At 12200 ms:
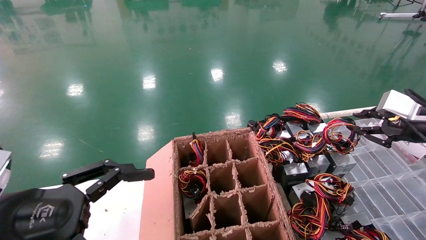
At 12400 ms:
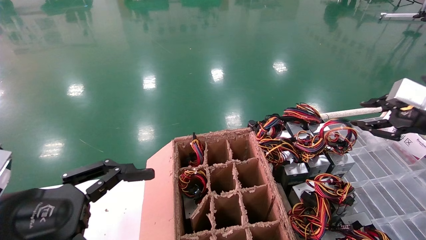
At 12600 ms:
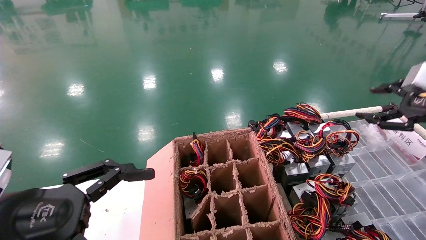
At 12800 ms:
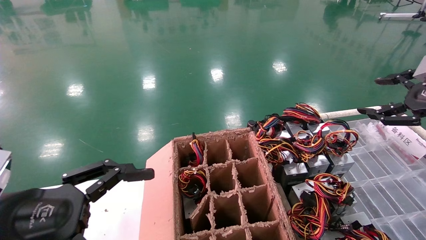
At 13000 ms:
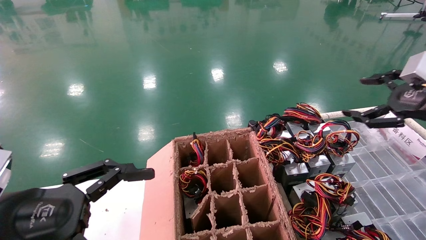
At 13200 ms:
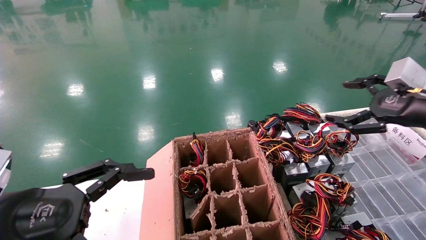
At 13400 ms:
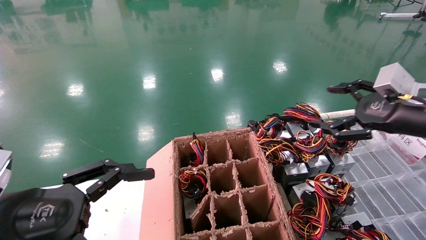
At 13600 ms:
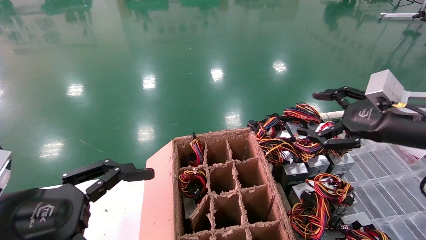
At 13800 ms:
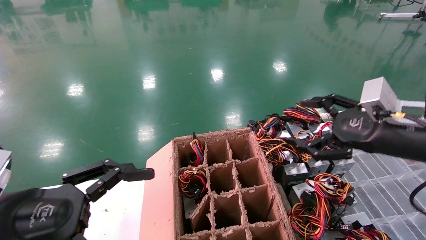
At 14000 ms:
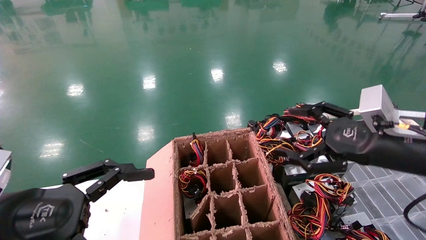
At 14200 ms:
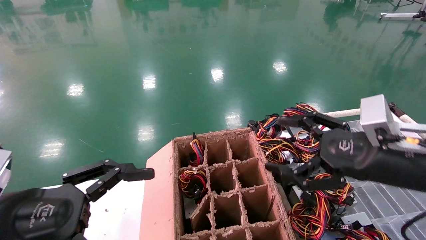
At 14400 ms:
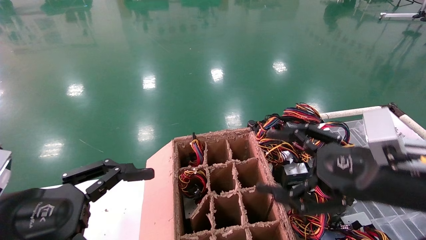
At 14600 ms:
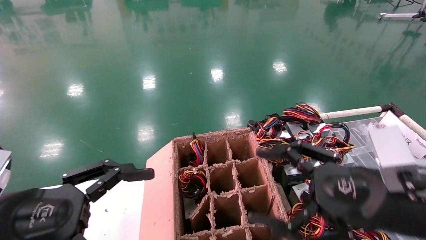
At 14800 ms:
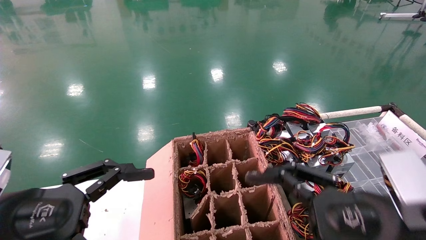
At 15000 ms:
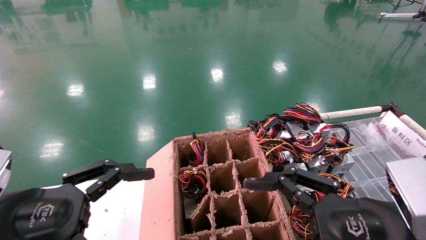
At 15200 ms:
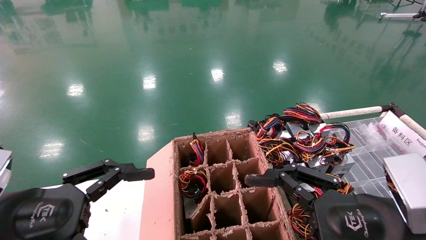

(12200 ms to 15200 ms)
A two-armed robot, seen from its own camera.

# # # # # # #

* REQUIRED ACTION: Your reply should restate the data above word for word and contain no pictures.

* SOLUTION TO THIS TASK:
At 12200 ms:
At 12400 ms:
At 12600 ms:
At 12800 ms:
At 13000 ms:
At 13200 ms:
At 13400 ms:
At 13600 ms:
At 13800 ms:
At 14000 ms:
At 14200 ms:
At 14400 ms:
At 14600 ms:
At 14800 ms:
At 15000 ms:
At 15200 ms:

(12200 ms to 15200 ms)
A two-armed robot, seen from its own camera.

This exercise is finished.